Modification note (7/1/2003)

I just thought I'd clear this up to avoid a mod-war. IDL stands for Interface Definition Language, *not* Interface "Description" Language. It was recently changed incorrectly to the latter. I've put it back the way that it was. See the CORBA spec p 3-1.

 (Derek)

I noticed that someone broke my change above when doing some edits. I've re-edited it so that it is now correct once more.

 (Derek)

According to [Douglas Comer]'s Book Computer Networks and Internets with Internet Applications, 4/e, both uses of the term IDL when talking about RPC stuff are valid. Subwy (talk) 18:16, 15 July 2008 (UTC)[reply]

CORBA/Common object request broker architecture

68.167.249.197 23:44, 7 Apr 2004 (UTC): I'd suggest that it is standard practice to have the main article body for CORBA/Common object request broker architecture to be under the fully expanded version of the name (cf. Remote procedure call/RPC, and File transfer protocol/FTP to name two examples).

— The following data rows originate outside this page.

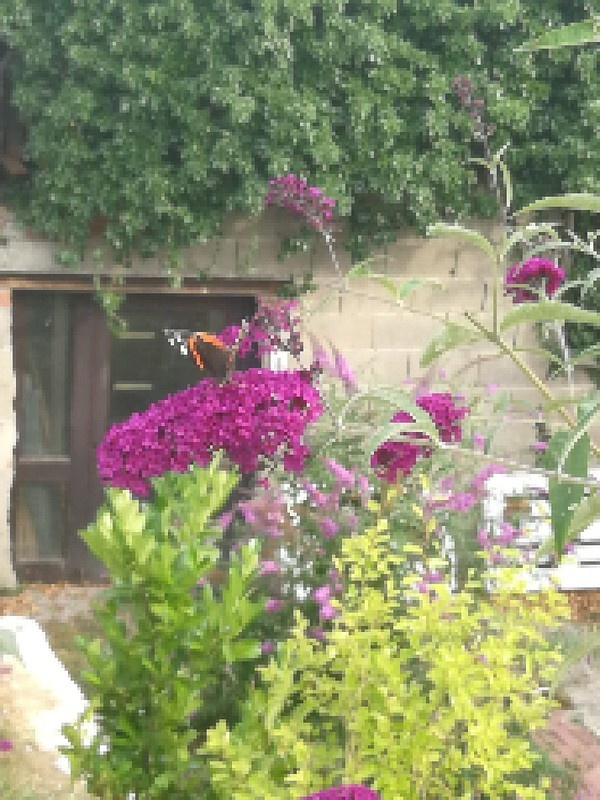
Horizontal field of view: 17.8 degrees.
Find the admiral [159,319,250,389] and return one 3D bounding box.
[{"bbox_3d":[-0.470,-0.247,9.344,0.365,0.292,0.054,2,7,-7],"label":"admiral"}]
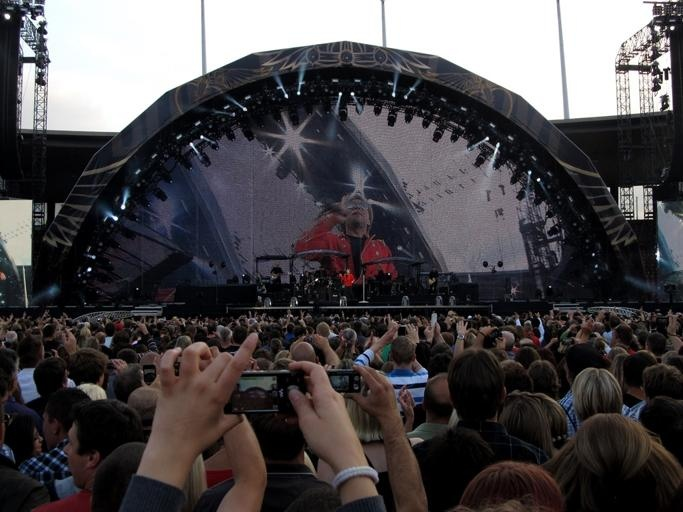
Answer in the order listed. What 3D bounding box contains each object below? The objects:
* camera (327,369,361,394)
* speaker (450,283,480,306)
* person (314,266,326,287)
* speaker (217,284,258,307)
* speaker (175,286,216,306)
[{"bbox_3d":[0.016,0.642,3.294,0.209,0.137,0.129,-1,-2,-19],"label":"camera"},{"bbox_3d":[5.258,1.614,27.716,1.173,0.807,1.557,-2,-2,8],"label":"speaker"},{"bbox_3d":[-1.128,1.101,32.628,0.549,1.177,0.632,-3,-3,22],"label":"person"},{"bbox_3d":[-4.277,1.622,26.353,1.627,0.879,0.558,-1,-3,-14],"label":"speaker"},{"bbox_3d":[-5.899,1.579,26.280,1.922,0.741,0.702,-3,-3,29],"label":"speaker"}]
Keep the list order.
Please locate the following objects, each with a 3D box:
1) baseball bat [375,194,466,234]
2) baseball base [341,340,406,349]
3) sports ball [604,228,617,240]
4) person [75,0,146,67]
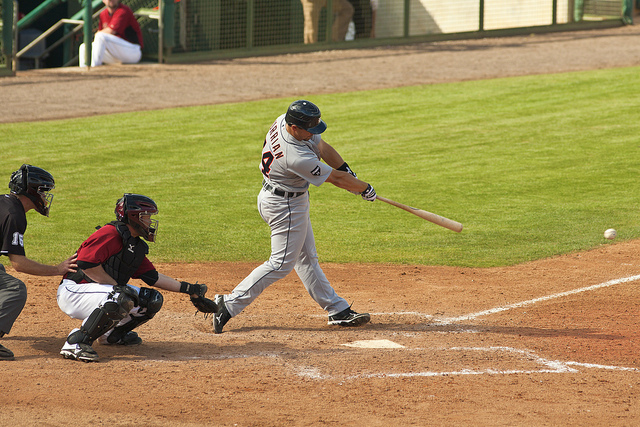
[{"bbox_3d":[1.589,0.046,20.800,1.736,0.160,0.178,17,-21,8],"label":"baseball bat"},{"bbox_3d":[0.700,1.754,17.010,0.796,0.075,0.226,0,6,1],"label":"baseball base"},{"bbox_3d":[4.494,0.338,20.285,0.189,0.144,0.176,-5,-11,-1],"label":"sports ball"},{"bbox_3d":[-4.138,-3.637,26.017,1.326,1.313,1.388,-1,7,-7],"label":"person"}]
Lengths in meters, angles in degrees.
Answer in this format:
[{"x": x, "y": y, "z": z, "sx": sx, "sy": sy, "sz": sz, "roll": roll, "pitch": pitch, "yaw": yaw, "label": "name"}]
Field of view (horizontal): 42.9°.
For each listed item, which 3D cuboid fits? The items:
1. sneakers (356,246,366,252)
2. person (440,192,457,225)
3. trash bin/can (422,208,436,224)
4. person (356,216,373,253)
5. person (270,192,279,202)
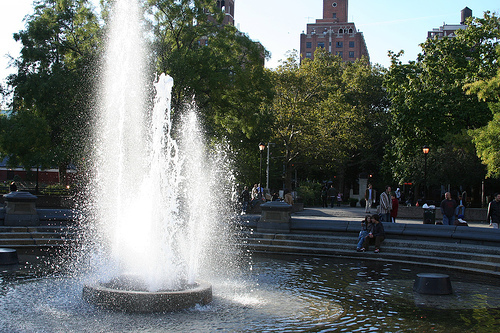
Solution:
[{"x": 4.924, "y": 3.692, "z": 28.061, "sx": 0.396, "sy": 0.181, "sz": 0.144, "roll": 8, "pitch": -2, "yaw": -11, "label": "sneakers"}, {"x": 9.678, "y": 2.024, "z": 30.892, "sx": 0.714, "sy": 1.525, "sz": 1.502, "roll": 5, "pitch": 9, "yaw": 17, "label": "person"}, {"x": 8.921, "y": 2.450, "z": 31.463, "sx": 0.535, "sy": 0.772, "sz": 0.708, "roll": 4, "pitch": 9, "yaw": 12, "label": "trash bin/can"}, {"x": 5.089, "y": 2.968, "z": 28.260, "sx": 0.584, "sy": 1.512, "sz": 0.868, "roll": 8, "pitch": 11, "yaw": 36, "label": "person"}, {"x": 2.090, "y": 2.532, "z": 50.590, "sx": 0.479, "sy": 0.597, "sz": 0.876, "roll": -1, "pitch": -2, "yaw": 18, "label": "person"}]
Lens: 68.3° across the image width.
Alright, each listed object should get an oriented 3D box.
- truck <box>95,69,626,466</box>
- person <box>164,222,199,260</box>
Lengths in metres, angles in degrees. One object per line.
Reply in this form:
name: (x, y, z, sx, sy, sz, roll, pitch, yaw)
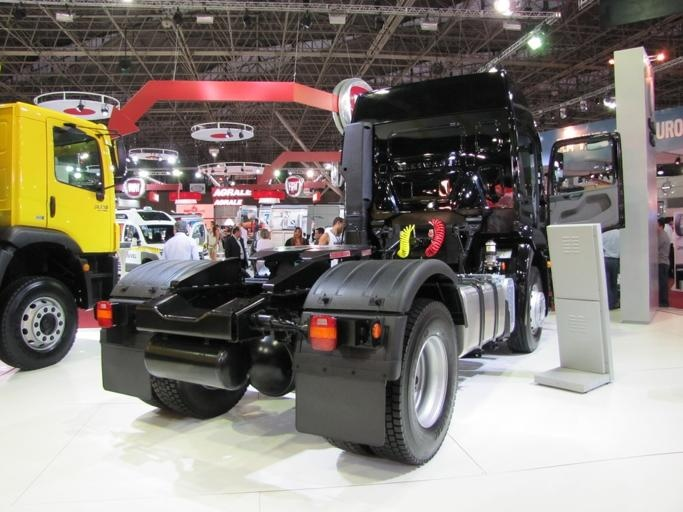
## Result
truck: (0.659, -0.344, 5.509, 3.320, 2.860, 5.229, 2, 6, 32)
person: (-2.843, -0.242, 8.904, 0.530, 1.002, 0.758, 2, -40, -18)
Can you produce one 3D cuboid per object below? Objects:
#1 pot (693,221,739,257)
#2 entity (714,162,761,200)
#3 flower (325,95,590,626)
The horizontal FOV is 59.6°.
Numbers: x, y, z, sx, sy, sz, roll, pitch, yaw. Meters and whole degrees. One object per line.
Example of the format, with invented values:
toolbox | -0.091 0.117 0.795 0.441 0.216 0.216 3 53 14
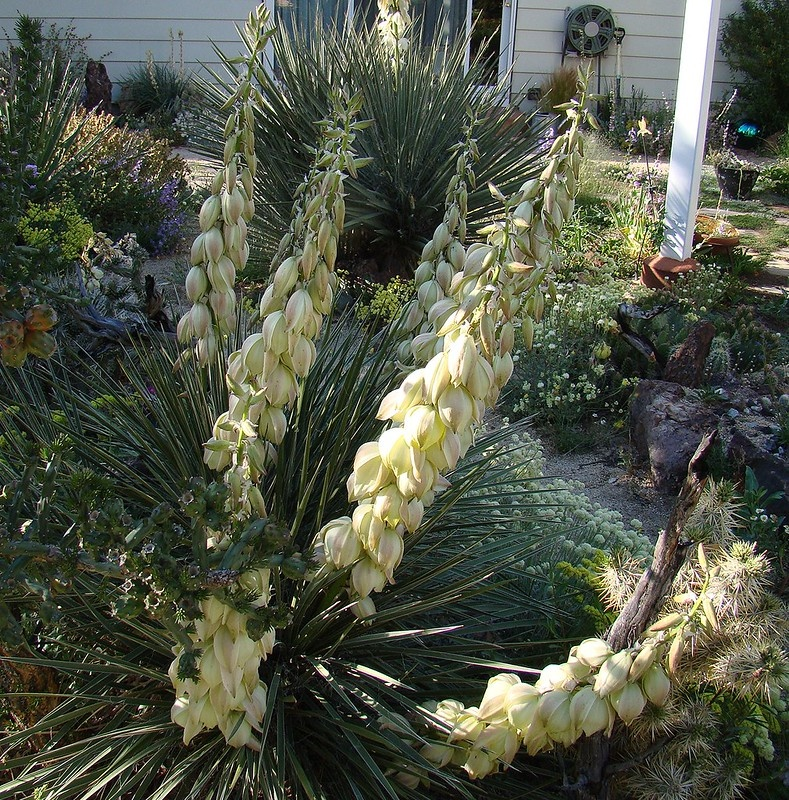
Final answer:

That's right! I am sexy 23:46, 7 Apr 2004 (UTC)
I would argue that File transfer protocol should be moved to FTP, though Remote procedure call should stay as it is. This is because there is not just one file transfer protocol. Having a page title like "File transfer protocol" or "Common object request broker architecture" implies that there is more than one - for example - "a file transfer protocol is..." or "a common object request broker architecture", whilst "an FTP" or "a CORBA" is less appropriate. Dysprosia 06:40, 8 Apr 2004 (UTC)
68.167.249.2 09:02, 8 Apr 2004 (UTC): Admittedly "file transfer protocol" can be generically used, but I disagree about "common object request broker architecture" which has established itself as a specific standard. That is emphasized outside of wikipedia by capitalizing all the words. Additional examples, like OSI, DNS, SNMP, LAN, FDDI, SMTP, ICMP, RARP all redirect to the full words, though HTTP doesn't.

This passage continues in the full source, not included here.